23-2-46: Mer toujours calme. Quelques poissons volants. A 11
h, on nous a donné le point: Lat. 10, Long. 61, vitesse 15 noeuds
(A la calculette: 15 x 1851, 85 égale 27 Kms 77 à l'heure).
Dans l'artillerie, on aime la précision, quitte, ensuite, à
arrondir ! Dans l'après-midi, quelques matches de boxe, à
l'arrière du pont promenade. MARTIN et GARNIER ont fait match nul,
contre leurs adversaires. Distribution de cigarettes anglaises.
24-2-46: Dimanche. Dans la matinée, messe sur le pont.

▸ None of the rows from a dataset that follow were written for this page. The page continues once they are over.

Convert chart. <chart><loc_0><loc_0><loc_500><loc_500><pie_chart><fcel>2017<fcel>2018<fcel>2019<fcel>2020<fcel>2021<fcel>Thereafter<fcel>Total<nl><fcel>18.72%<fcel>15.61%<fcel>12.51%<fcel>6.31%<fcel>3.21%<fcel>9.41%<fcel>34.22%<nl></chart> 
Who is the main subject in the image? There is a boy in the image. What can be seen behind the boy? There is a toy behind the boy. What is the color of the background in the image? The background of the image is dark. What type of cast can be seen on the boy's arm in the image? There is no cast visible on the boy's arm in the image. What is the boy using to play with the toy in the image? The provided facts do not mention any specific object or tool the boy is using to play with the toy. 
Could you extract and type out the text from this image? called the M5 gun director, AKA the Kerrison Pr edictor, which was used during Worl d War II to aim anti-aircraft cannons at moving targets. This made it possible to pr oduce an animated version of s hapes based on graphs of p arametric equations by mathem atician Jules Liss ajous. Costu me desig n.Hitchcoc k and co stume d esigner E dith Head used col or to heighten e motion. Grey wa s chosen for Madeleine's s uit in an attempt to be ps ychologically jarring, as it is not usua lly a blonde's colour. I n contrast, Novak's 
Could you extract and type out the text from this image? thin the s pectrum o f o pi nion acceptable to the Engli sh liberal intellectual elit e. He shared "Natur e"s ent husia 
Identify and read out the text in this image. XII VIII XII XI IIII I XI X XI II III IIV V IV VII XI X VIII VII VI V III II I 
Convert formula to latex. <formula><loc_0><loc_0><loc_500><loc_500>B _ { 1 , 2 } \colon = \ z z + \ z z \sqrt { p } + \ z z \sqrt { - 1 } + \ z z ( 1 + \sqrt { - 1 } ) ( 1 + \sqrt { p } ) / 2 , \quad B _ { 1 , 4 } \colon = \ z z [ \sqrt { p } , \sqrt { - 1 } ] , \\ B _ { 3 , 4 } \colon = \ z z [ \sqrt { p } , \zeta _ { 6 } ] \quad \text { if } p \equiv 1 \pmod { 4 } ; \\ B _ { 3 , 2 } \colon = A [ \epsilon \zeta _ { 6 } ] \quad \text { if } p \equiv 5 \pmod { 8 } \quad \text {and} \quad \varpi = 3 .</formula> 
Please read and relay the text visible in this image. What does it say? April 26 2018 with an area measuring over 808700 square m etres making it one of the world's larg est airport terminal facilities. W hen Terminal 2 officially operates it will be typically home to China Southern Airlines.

Depuis hier, on nous donne le communiqué. Dans l'après-midi,
promenade sur le pont, conversations. A 20 h 30, théâtre avec
STEENBRUGGE, AUBRY, HARTMANN, TATI, JORDANNEAUX. La CROIX DU SUD est nettement
visible ce soir. Elle comporte quatre étoiles, formant un losange
grossier. Le point de rencontre, avec l'horizon, de la droite reliant les
deux étoiles, les plus éloignées, l'une de l'autre,
est le Sud approximatif.
25-2-46: Avons croisé un cargo, dans la matinée.
La chaleur se fait sentir, dès le lever du soleil. Au début
de l'après-midi, nous sommes dans les parages des îles LAQUEDIVES.
Passons par le canal du 8eme degré, au Sud de l'île MINIKOI.
Croisé un autre cargo, dans l'après-midi.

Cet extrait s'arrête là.